Publication information
- Publisher: Pacific Comics
- First appearance: Skateman #1 (November 1983)
- Created by: Neal Adams

In-story information
- Alter ego: Billy Moon
- Abilities: Excellent physical abilities Experienced in hand-to-hand combat

= Skateman =

Skateman was a comic book produced by Neal Adams, and published by Pacific Comics in November 1983. It is primarily known as an industry curiosity, a widely derided comic produced by one of comics' most highly regarded and influential creators.

==Publication history==
One issue of Skateman was published, cover-dated November 1983. Its 19-page lead story was written and drawn by Neal Adams. Accompanying it were two five-page backup features: "Korlack of Futureworld" by writer and penciler Jack Arata, and inker Andy Kubert; and "Rock Warrior" by writer-artist Paul S. Power.

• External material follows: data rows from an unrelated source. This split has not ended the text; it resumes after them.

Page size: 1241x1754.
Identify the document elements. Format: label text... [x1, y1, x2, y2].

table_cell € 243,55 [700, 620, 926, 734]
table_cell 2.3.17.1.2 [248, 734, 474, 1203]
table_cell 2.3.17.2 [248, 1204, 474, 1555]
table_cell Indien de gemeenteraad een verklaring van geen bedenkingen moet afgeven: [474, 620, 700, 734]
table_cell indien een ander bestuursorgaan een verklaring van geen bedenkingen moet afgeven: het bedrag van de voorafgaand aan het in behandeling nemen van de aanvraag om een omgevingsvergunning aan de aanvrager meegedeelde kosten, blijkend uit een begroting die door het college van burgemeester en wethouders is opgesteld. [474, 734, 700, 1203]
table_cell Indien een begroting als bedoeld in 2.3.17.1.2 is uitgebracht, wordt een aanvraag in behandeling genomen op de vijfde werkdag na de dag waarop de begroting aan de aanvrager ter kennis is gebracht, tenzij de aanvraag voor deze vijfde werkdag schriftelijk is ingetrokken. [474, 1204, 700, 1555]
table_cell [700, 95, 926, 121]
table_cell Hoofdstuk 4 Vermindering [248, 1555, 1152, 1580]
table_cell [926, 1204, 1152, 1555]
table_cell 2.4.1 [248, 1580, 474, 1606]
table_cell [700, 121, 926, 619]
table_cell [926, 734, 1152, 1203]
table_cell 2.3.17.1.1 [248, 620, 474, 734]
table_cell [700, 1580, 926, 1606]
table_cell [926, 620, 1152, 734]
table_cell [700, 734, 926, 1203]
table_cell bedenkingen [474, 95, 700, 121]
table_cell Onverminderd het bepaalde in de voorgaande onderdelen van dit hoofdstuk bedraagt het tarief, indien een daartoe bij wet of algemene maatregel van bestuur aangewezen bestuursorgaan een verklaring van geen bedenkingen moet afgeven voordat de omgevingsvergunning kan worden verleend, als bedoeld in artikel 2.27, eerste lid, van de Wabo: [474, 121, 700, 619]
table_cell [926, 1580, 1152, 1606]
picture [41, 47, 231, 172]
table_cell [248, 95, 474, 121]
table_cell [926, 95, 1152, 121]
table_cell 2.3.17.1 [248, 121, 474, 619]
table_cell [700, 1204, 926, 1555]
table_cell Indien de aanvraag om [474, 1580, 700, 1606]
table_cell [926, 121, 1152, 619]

==Fictional character biography==
Billy Moon is a martial arts enthusiast and Vietnam veteran who has found a career in roller derby. In the wake of the murder of his best friend by biker gangs, Moon sinks into depression, only to meet a young Hispanic boy named Paco. Paco's comic-book collection inspires Moon to wrap a scarf around his face and fight crime with his roller skates.

==Critical reception==
Skateman is primarily known for its artistic failings, despite being the product of the highly regarded and influential comics creator Neal Adams. Historian Don Markstein called its protagonist "one (of) the least-acclaimed heroes of all time". The Slings & Arrows Comic Guide rhetorically asked, "What was Neal Adams thinking?"; and in January 1991, Kitchen Sink Press's World's Worst Comics Awards listed Skateman #1 as the worst comic of the previous 25 years. Similarly, Tom Orzechowski has stated that Skateman is "known in the industry as the World's Worst Comic Book".

Other criticism came from sources such as cartoonist Francesco Marciuliano, who stated that Skateman could have only fought crime when he wasn't "being hauled in by police for emergency psychiatric evaluations"; Heavy.com, which listed Skateman as among the "20 Worst Superheroes"; SFX, which listed Skateman's roller skates as among the "most ludicrous" weapons in comic books; the Huffington Post, which stated that a film adaptation of Skateman "should never get made"; and ComicsAlliance, which called Adams' effort "legendarily terrible".

The San Diego Reader said that Skateman made Dazzler "seem like Proust by comparison", and partially attributes the fall of Pacific Comics to "(s)everal palletloads of unsold Skateman comics".